### Aim of the exercise
Copy, from the material below, each line that contains the word "name".

### Exercise data
○ ○ ○ ○ ○

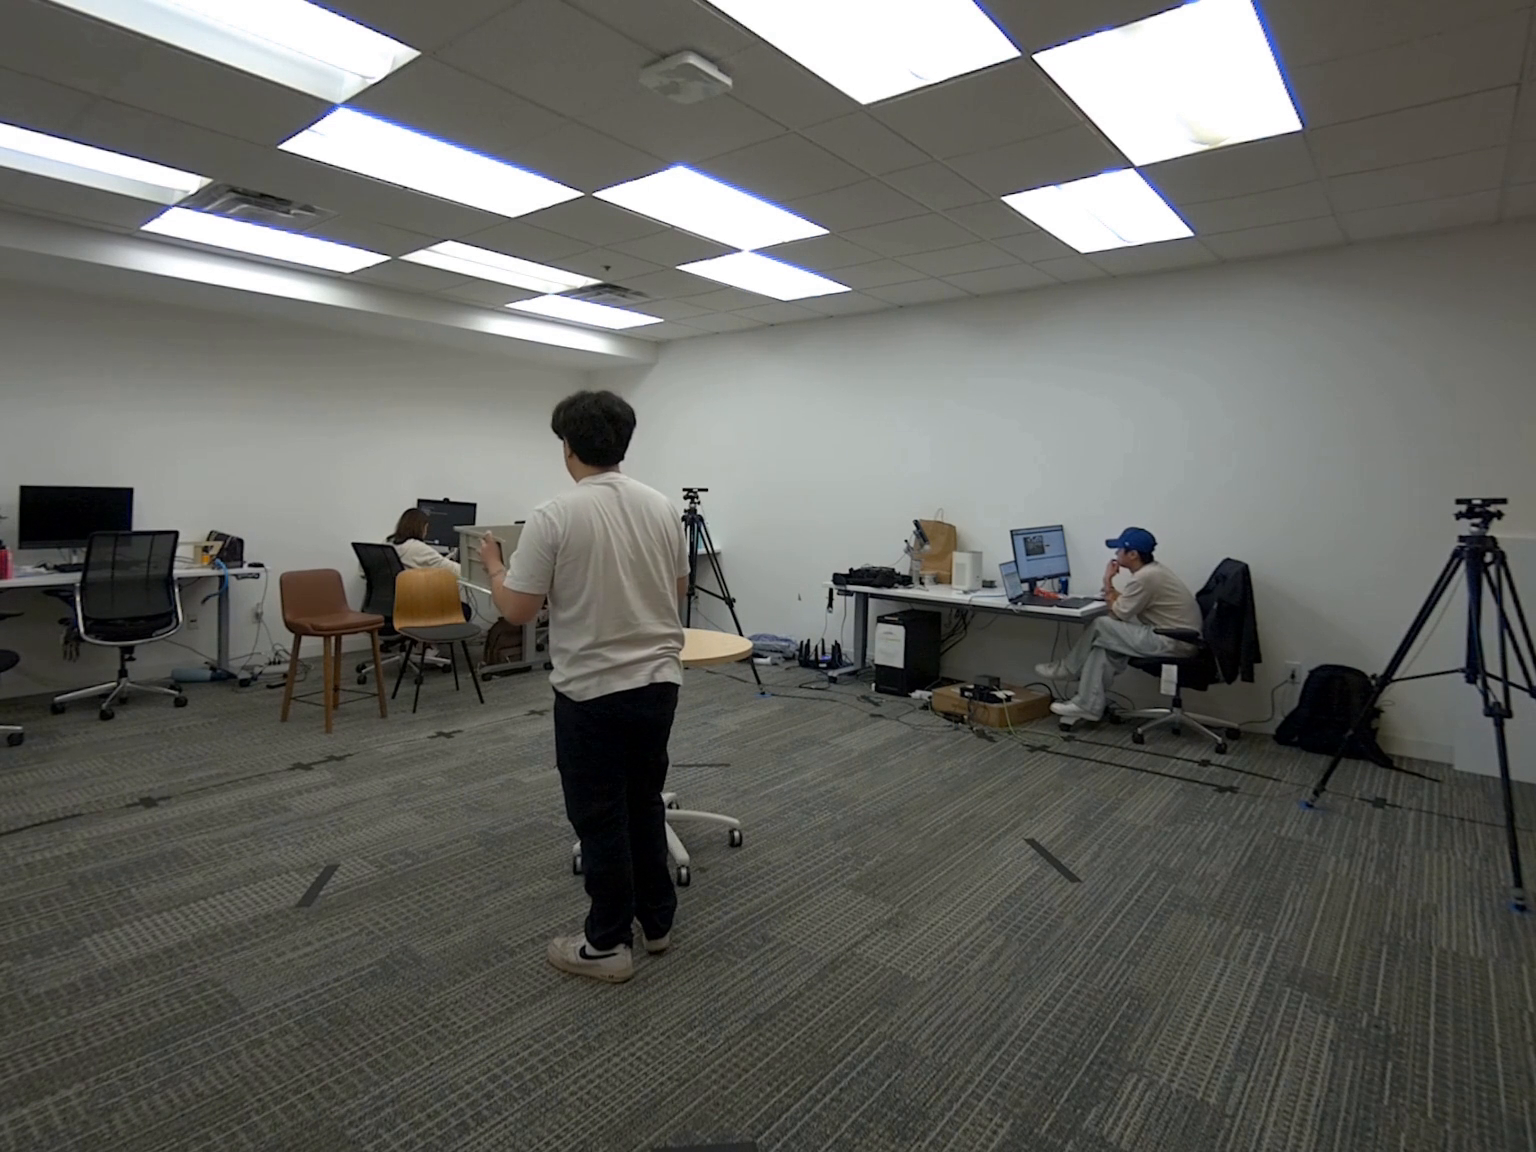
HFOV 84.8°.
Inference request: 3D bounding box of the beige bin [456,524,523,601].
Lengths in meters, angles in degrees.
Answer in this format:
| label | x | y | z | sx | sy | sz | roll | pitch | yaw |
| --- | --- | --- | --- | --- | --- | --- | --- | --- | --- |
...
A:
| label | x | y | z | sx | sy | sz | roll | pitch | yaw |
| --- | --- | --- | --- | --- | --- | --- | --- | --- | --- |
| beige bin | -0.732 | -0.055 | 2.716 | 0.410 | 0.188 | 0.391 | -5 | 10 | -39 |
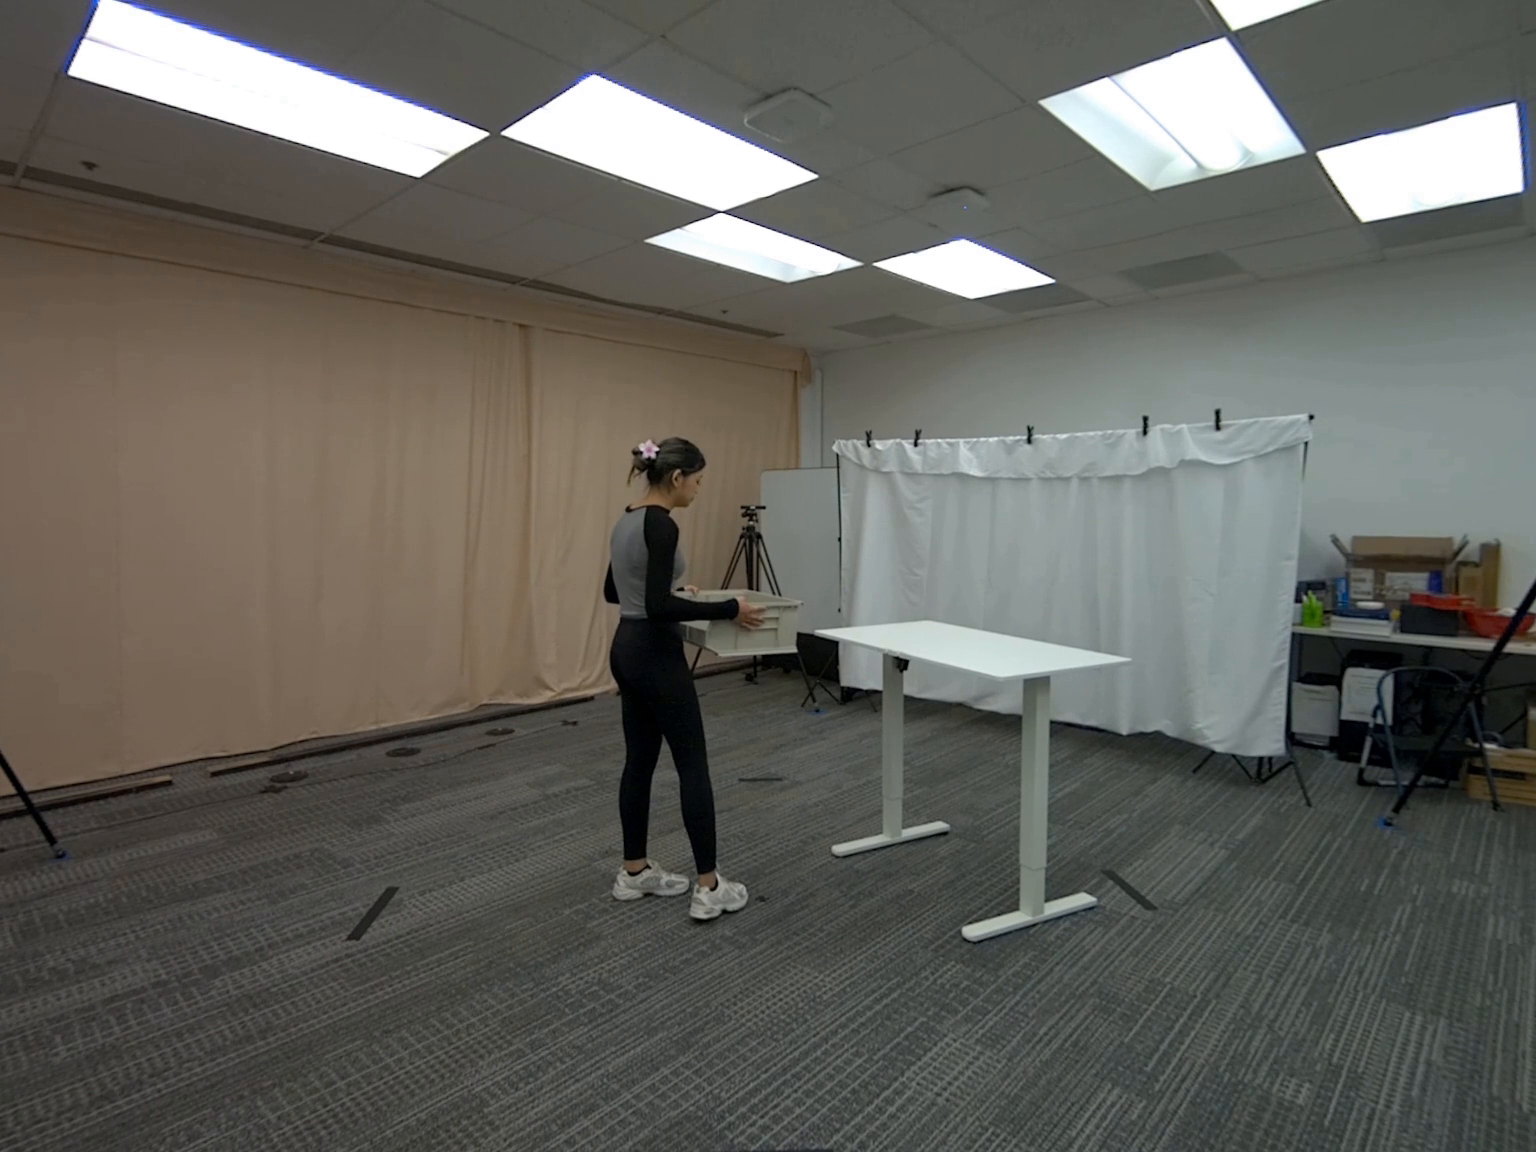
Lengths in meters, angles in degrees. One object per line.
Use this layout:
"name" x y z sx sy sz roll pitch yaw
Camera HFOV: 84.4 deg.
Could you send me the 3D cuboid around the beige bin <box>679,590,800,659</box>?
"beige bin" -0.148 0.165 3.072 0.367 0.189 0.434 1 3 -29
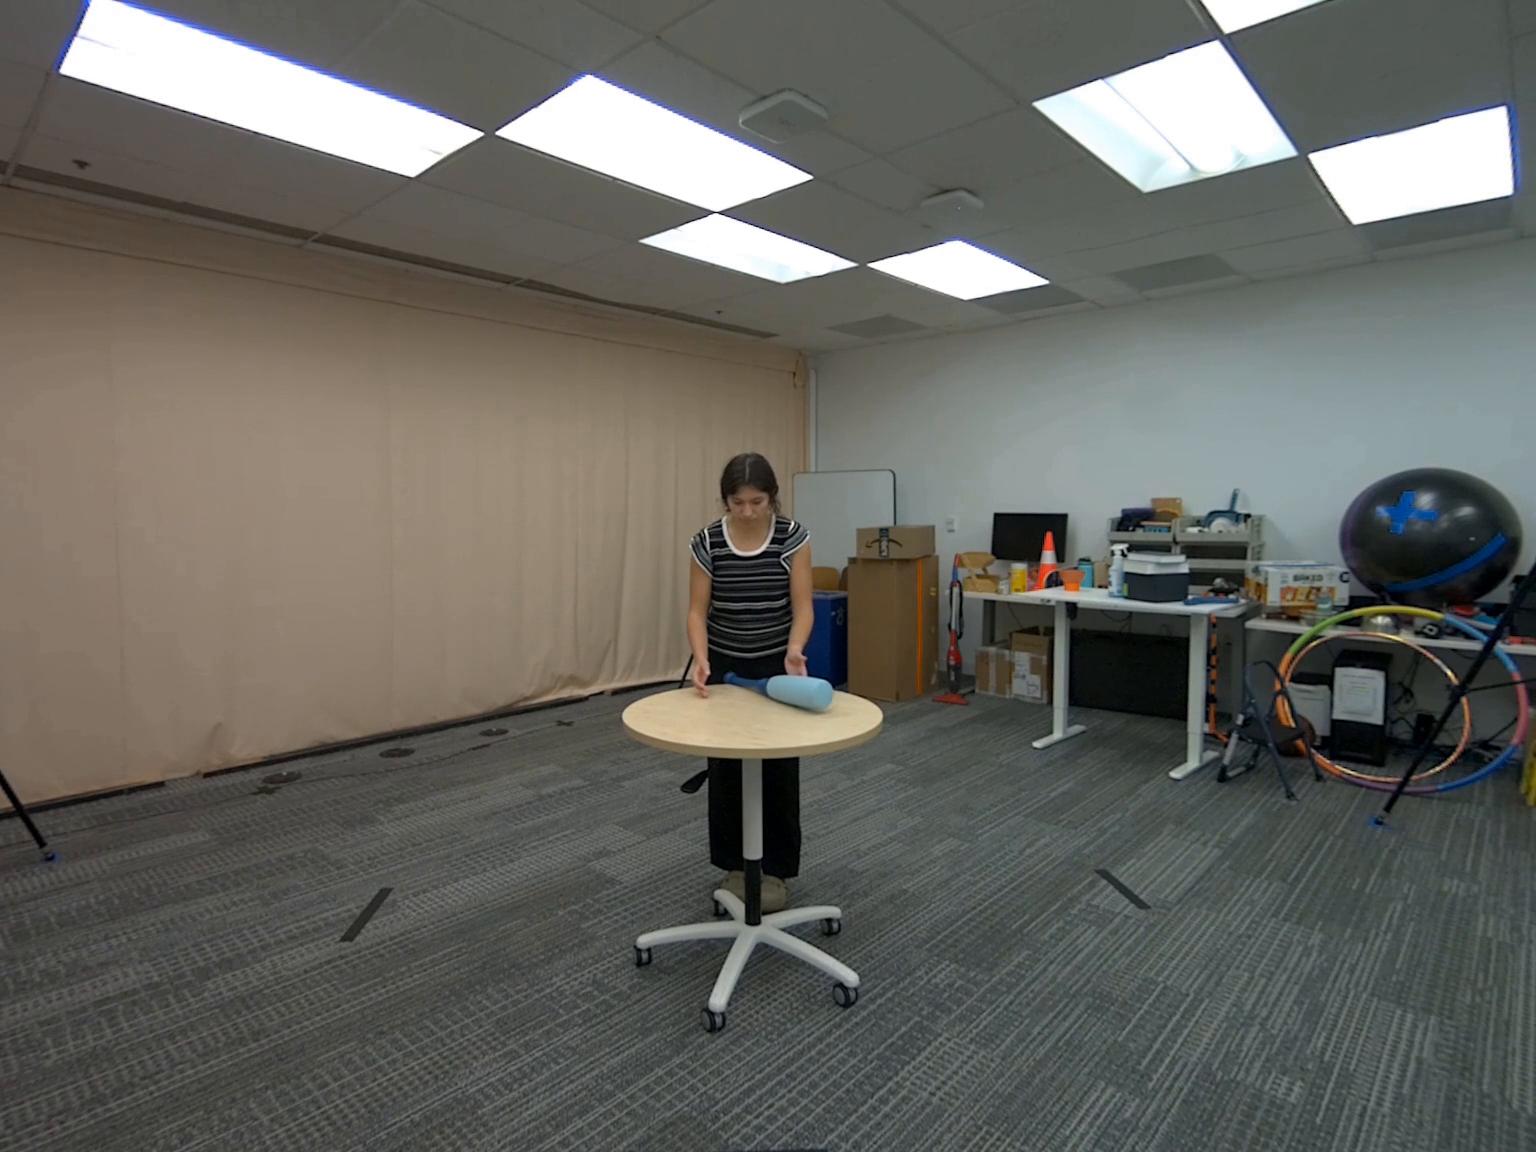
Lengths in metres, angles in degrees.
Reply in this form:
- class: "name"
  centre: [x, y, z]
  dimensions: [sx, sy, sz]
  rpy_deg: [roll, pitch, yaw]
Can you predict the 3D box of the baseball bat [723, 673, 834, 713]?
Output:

○ ○ ○ ○ ○

### The answer
"name" x y z sx sy sz roll pitch yaw
- class: "name"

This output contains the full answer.